*Data in this exercise*
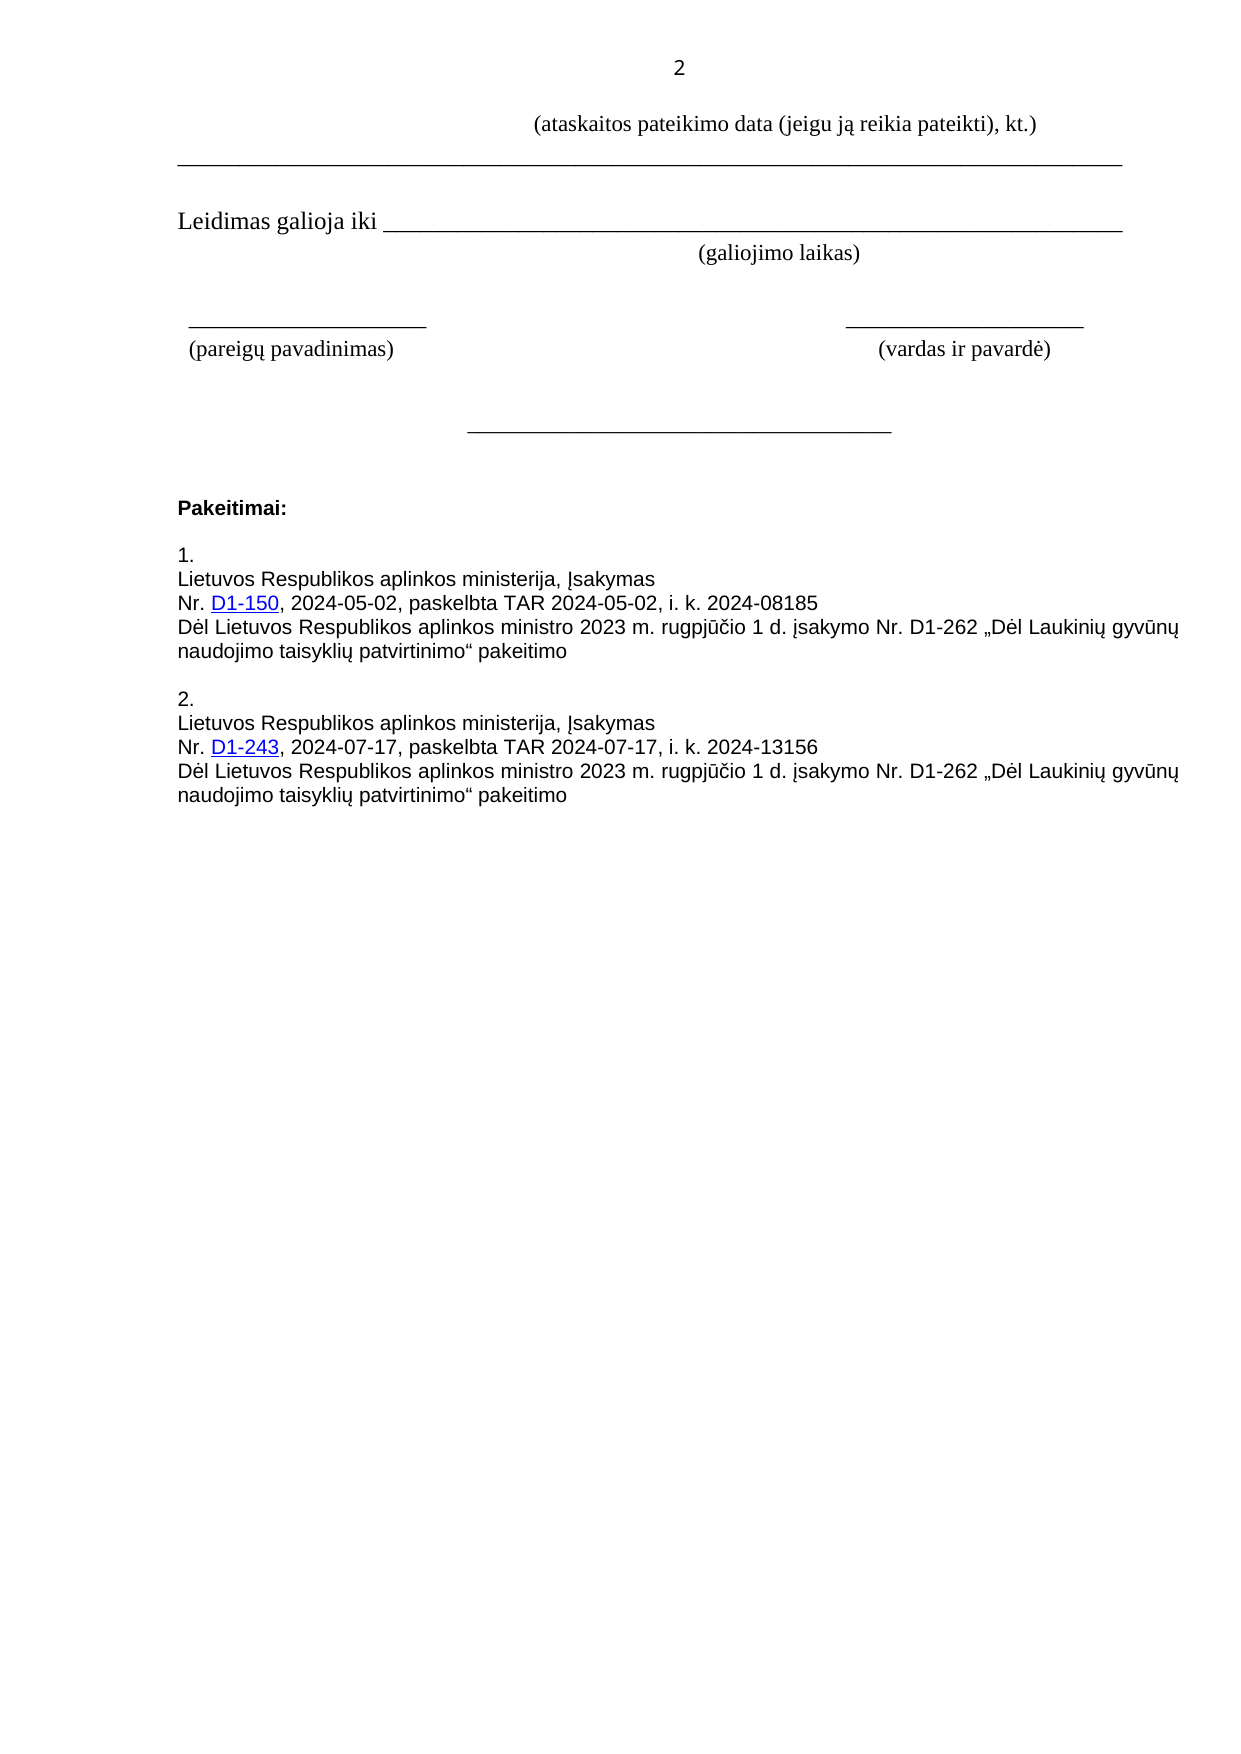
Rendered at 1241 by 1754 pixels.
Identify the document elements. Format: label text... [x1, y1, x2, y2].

table_header [526, 302, 807, 365]
text (ataskaitos pateikimo data (jeigu ją reikia pateikti), kt.) [390, 110, 1181, 136]
text (galiojimo laikas) [377, 239, 1181, 265]
text Leidimas galioja iki [177, 206, 1181, 235]
text Pakeitimai: [177, 495, 1181, 519]
text Nr. D1-243, 2024-07-17, paskelbta TAR 2024-07-17, i. k. 2024-13156 [177, 735, 1181, 759]
text 2. [177, 687, 1181, 711]
text 1. [177, 543, 1181, 567]
text Lietuvos Respublikos aplinkos ministerija, Įsakymas [177, 711, 1181, 735]
text ––––––––––––––––––––––––––––––––––––– [177, 417, 1181, 443]
text Lietuvos Respublikos aplinkos ministerija, Įsakymas [177, 567, 1181, 591]
table_header ___________________ (vardas ir pavardė) [807, 302, 1122, 365]
text Dėl Lietuvos Respublikos aplinkos ministro 2023 m. rugpjūčio 1 d. įsakymo Nr. D1-262 „Dėl Laukinių gyvūnų naudojimo taisyklių patvirtinimo“ pakeitimo [177, 759, 1181, 807]
text Dėl Lietuvos Respublikos aplinkos ministro 2023 m. rugpjūčio 1 d. įsakymo Nr. D1-262 „Dėl Laukinių gyvūnų naudojimo taisyklių patvirtinimo“ pakeitimo [177, 615, 1181, 663]
text Nr. D1-150, 2024-05-02, paskelbta TAR 2024-05-02, i. k. 2024-08185 [177, 591, 1181, 615]
text _ [177, 140, 1181, 169]
table_header ___________________ (pareigų pavadinimas) [177, 302, 526, 365]

*Problem details*
Could the entries above be retyped exactly, with the pictures left out?

*Solved exercise*
Rendered at 1241 by 1754 pixels.
Identify the document elements. Format: label text... [x1, y1, x2, y2].

table_header [526, 302, 807, 365]
text (ataskaitos pateikimo data (jeigu ją reikia pateikti), kt.) [390, 110, 1181, 136]
text (galiojimo laikas) [377, 239, 1181, 265]
text Leidimas galioja iki [177, 206, 1181, 235]
text Pakeitimai: [177, 495, 1181, 519]
text Nr. D1-243, 2024-07-17, paskelbta TAR 2024-07-17, i. k. 2024-13156 [177, 735, 1181, 759]
text 2. [177, 687, 1181, 711]
text 1. [177, 543, 1181, 567]
text Lietuvos Respublikos aplinkos ministerija, Įsakymas [177, 711, 1181, 735]
text ––––––––––––––––––––––––––––––––––––– [177, 417, 1181, 443]
text Lietuvos Respublikos aplinkos ministerija, Įsakymas [177, 567, 1181, 591]
table_header ___________________ (vardas ir pavardė) [807, 302, 1122, 365]
text Dėl Lietuvos Respublikos aplinkos ministro 2023 m. rugpjūčio 1 d. įsakymo Nr. D1-262 „Dėl Laukinių gyvūnų naudojimo taisyklių patvirtinimo“ pakeitimo [177, 759, 1181, 807]
text Dėl Lietuvos Respublikos aplinkos ministro 2023 m. rugpjūčio 1 d. įsakymo Nr. D1-262 „Dėl Laukinių gyvūnų naudojimo taisyklių patvirtinimo“ pakeitimo [177, 615, 1181, 663]
text Nr. D1-150, 2024-05-02, paskelbta TAR 2024-05-02, i. k. 2024-08185 [177, 591, 1181, 615]
text _ [177, 140, 1181, 169]
table_header ___________________ (pareigų pavadinimas) [177, 302, 526, 365]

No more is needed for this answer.